What needs reproducing is the run of lines in the data below starting at the line with "Reply with a" and ending at the line with "name: x=_ y=_", both ends included. Copy it exactly, without pictures, and add nothing.

Data entries:
****

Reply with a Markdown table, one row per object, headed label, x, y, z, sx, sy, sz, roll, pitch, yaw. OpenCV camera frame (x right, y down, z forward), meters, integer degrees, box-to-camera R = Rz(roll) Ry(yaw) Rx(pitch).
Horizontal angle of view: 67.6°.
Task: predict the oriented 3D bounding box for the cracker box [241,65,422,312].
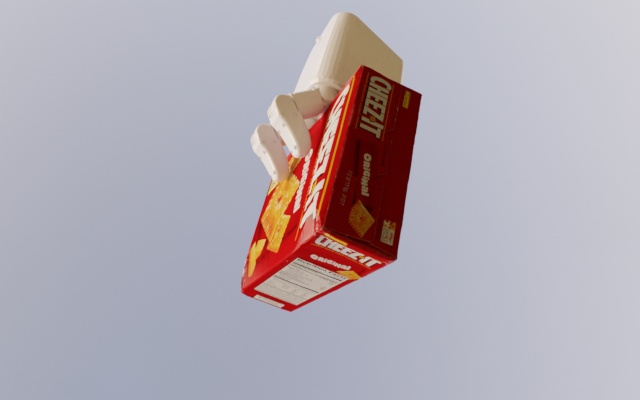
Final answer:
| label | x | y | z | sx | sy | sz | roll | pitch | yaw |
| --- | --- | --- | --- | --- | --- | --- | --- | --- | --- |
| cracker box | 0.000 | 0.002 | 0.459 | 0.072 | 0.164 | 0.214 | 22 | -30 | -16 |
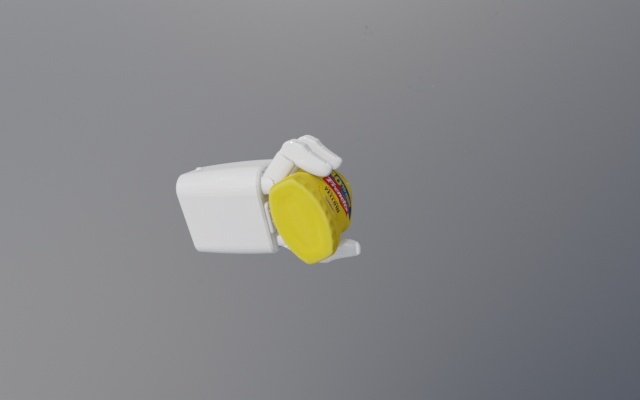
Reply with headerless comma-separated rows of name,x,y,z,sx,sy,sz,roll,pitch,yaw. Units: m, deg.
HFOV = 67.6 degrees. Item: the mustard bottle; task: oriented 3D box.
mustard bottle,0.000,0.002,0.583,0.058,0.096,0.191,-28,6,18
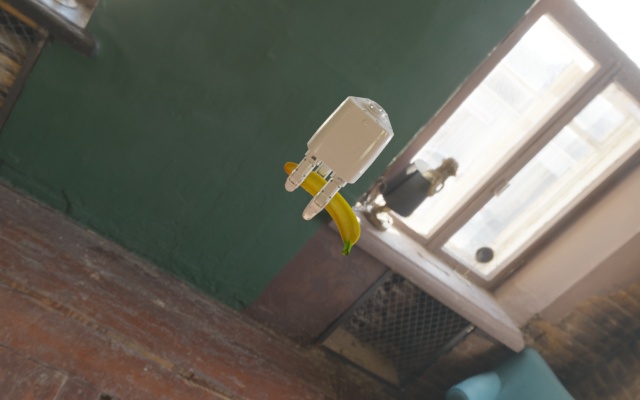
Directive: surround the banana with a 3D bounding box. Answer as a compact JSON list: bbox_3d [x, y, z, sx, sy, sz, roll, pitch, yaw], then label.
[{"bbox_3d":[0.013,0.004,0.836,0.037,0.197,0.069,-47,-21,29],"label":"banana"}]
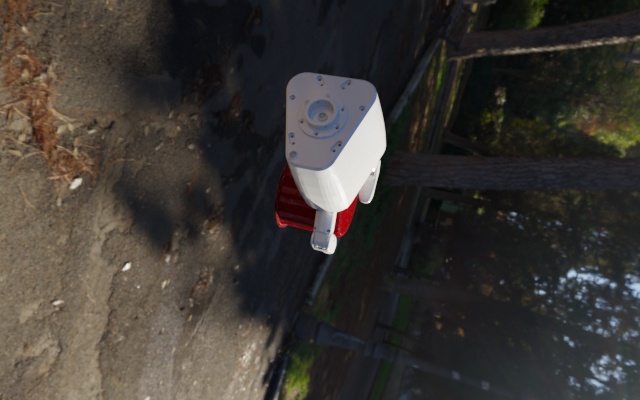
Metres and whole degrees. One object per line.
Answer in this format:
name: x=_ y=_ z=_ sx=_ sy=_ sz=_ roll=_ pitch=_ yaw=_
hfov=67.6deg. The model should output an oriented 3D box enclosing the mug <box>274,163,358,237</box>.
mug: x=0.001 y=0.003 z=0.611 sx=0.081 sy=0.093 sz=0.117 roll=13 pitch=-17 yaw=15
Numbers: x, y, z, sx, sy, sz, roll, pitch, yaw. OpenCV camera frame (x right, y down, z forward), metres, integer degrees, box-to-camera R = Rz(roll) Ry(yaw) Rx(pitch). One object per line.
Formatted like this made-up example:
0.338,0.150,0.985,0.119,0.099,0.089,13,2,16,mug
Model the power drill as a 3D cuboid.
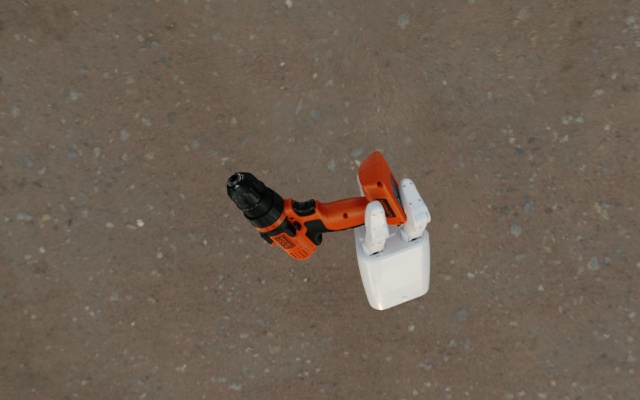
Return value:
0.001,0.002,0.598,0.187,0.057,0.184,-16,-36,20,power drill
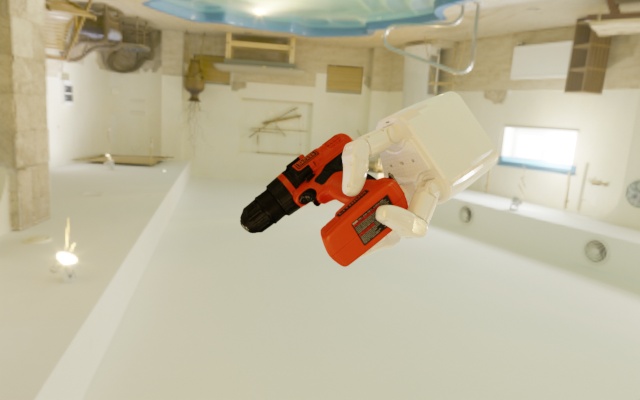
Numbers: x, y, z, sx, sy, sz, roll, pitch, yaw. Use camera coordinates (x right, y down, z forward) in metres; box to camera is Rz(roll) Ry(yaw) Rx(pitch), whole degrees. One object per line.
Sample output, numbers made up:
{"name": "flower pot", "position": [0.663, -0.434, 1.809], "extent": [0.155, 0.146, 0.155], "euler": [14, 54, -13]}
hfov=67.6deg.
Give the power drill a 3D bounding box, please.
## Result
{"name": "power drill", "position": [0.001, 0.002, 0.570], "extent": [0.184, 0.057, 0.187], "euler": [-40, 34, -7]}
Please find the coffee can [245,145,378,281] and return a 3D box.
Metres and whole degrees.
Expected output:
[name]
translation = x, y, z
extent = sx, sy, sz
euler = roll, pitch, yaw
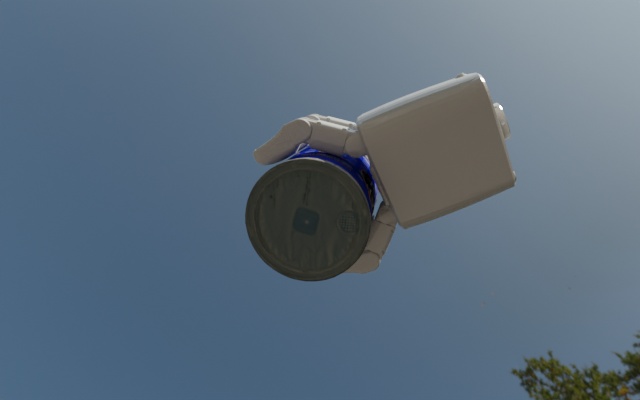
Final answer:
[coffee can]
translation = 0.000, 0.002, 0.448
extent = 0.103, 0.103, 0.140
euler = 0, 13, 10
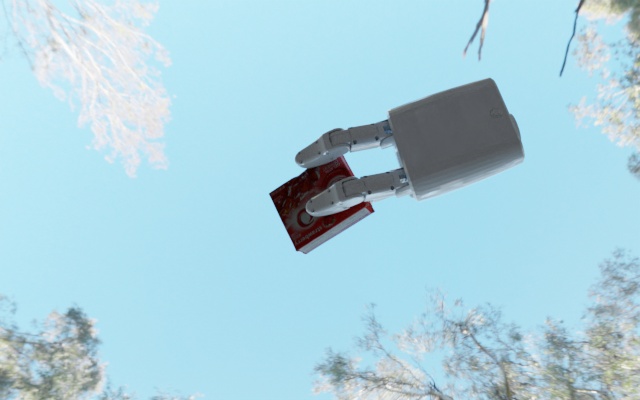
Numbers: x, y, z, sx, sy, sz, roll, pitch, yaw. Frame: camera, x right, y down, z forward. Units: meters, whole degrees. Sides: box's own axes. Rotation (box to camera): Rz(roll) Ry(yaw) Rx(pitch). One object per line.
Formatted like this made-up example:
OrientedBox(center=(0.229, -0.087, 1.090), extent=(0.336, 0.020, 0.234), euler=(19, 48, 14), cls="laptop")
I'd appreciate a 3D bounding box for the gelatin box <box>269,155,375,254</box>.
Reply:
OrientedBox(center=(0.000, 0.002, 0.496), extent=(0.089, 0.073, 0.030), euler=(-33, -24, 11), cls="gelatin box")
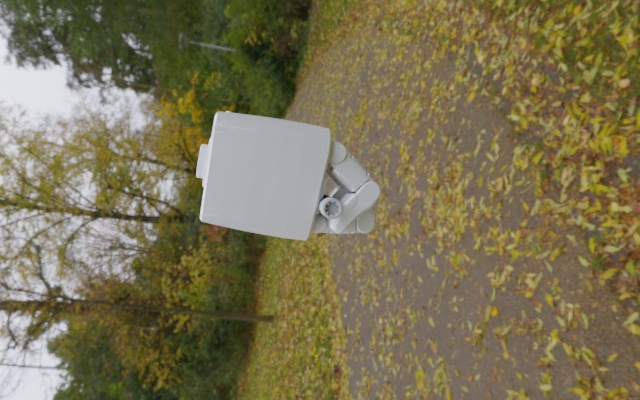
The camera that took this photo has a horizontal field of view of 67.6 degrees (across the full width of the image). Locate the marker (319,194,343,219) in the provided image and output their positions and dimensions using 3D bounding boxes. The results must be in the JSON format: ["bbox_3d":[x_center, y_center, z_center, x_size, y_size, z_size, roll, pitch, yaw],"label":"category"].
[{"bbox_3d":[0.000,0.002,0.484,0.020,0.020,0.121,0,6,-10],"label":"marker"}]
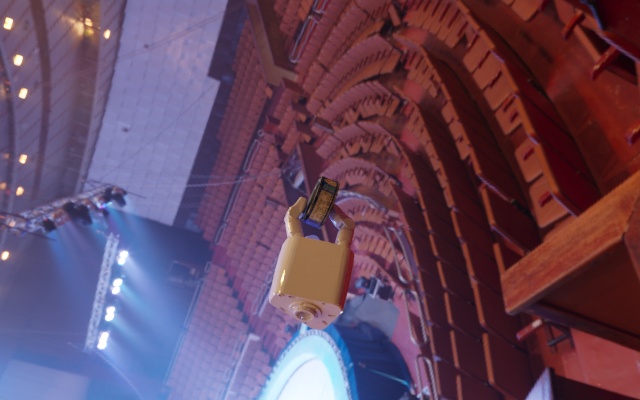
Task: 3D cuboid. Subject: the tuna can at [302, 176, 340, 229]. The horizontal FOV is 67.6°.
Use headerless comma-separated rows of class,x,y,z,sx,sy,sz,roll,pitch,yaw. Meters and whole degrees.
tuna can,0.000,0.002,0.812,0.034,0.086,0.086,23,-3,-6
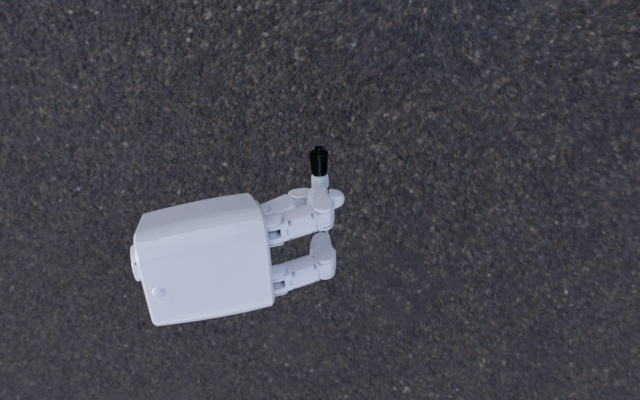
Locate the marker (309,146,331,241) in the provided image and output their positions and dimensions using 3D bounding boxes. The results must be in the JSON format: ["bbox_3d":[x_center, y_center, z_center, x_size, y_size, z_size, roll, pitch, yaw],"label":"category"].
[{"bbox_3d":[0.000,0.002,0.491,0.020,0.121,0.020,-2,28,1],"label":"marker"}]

****

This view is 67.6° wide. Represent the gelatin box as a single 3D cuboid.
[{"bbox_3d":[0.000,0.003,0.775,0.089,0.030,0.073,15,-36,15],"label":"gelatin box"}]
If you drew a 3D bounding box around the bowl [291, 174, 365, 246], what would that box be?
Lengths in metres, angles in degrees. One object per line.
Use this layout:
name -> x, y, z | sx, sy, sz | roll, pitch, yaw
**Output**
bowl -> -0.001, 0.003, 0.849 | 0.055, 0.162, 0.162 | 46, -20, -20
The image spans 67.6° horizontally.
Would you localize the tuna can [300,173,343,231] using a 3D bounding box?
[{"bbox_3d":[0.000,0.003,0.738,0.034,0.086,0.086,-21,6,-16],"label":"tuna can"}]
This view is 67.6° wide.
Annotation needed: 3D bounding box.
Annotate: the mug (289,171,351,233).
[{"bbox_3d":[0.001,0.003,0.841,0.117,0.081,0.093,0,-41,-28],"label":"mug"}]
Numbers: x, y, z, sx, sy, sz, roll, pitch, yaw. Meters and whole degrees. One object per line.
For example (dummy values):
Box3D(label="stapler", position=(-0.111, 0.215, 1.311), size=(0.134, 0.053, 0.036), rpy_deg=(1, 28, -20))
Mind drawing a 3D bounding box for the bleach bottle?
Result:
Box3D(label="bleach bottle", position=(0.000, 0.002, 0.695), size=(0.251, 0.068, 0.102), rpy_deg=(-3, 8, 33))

****

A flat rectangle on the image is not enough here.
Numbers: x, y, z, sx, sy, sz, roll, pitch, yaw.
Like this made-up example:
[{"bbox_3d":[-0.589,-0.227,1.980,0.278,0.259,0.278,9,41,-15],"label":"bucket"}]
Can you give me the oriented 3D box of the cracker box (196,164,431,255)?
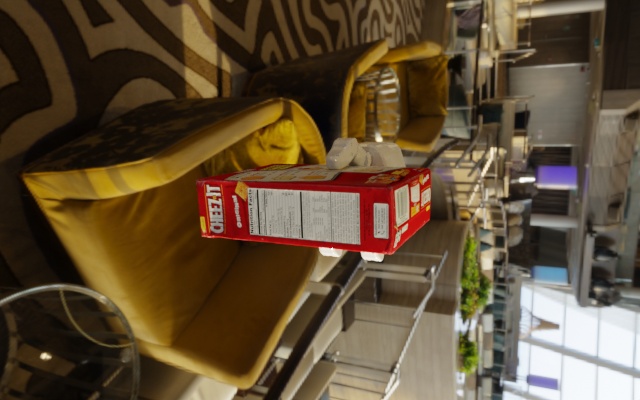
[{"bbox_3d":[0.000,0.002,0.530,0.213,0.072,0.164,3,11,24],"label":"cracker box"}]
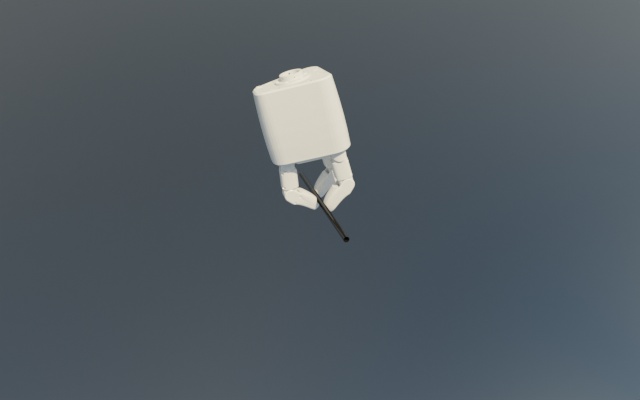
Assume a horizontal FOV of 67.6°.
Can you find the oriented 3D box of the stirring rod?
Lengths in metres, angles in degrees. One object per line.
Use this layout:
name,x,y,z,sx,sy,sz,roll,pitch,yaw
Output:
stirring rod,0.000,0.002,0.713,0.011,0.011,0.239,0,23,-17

****

Your response:
Reply with a Markdown table, one row per object, headed label, x, y, z, sx, sy, sz, roll, pitch, yaw. OpenCV camera frame (x right, y down, z forward), meters, integer degrees, box-to-camera R = Rz(roll) Ry(yaw) Rx(pitch).
Horizontal angle of view: 67.6°.
Task: predict the oriented 3D bounding box for the cracker box [241,65,422,312].
Final answer:
| label | x | y | z | sx | sy | sz | roll | pitch | yaw |
| --- | --- | --- | --- | --- | --- | --- | --- | --- | --- |
| cracker box | 0.000 | 0.002 | 0.459 | 0.072 | 0.164 | 0.214 | 22 | -30 | -16 |
Reply with headerless comma-separated rows of name,x,y,z,sx,sy,sz,roll,pitch,yaw. Units: m, deg.
HFOV = 67.6 degrees. Item: the mustard bottle; task: oriented 3D box.
mustard bottle,0.000,0.002,0.583,0.058,0.096,0.191,-28,6,18
Directive: surround the banana with a 3D bounding box. Answer as a compact JSON list: bbox_3d [x, y, z, sx, sy, sz, roll, pitch, yaw], then label.
[{"bbox_3d":[0.013,0.004,0.836,0.037,0.197,0.069,-47,-21,29],"label":"banana"}]
Metres and whole degrees. One object per line.
Answer in this format:
name: x=_ y=_ z=_ sx=_ sy=_ sz=_ roll=_ pitch=_ yaw=_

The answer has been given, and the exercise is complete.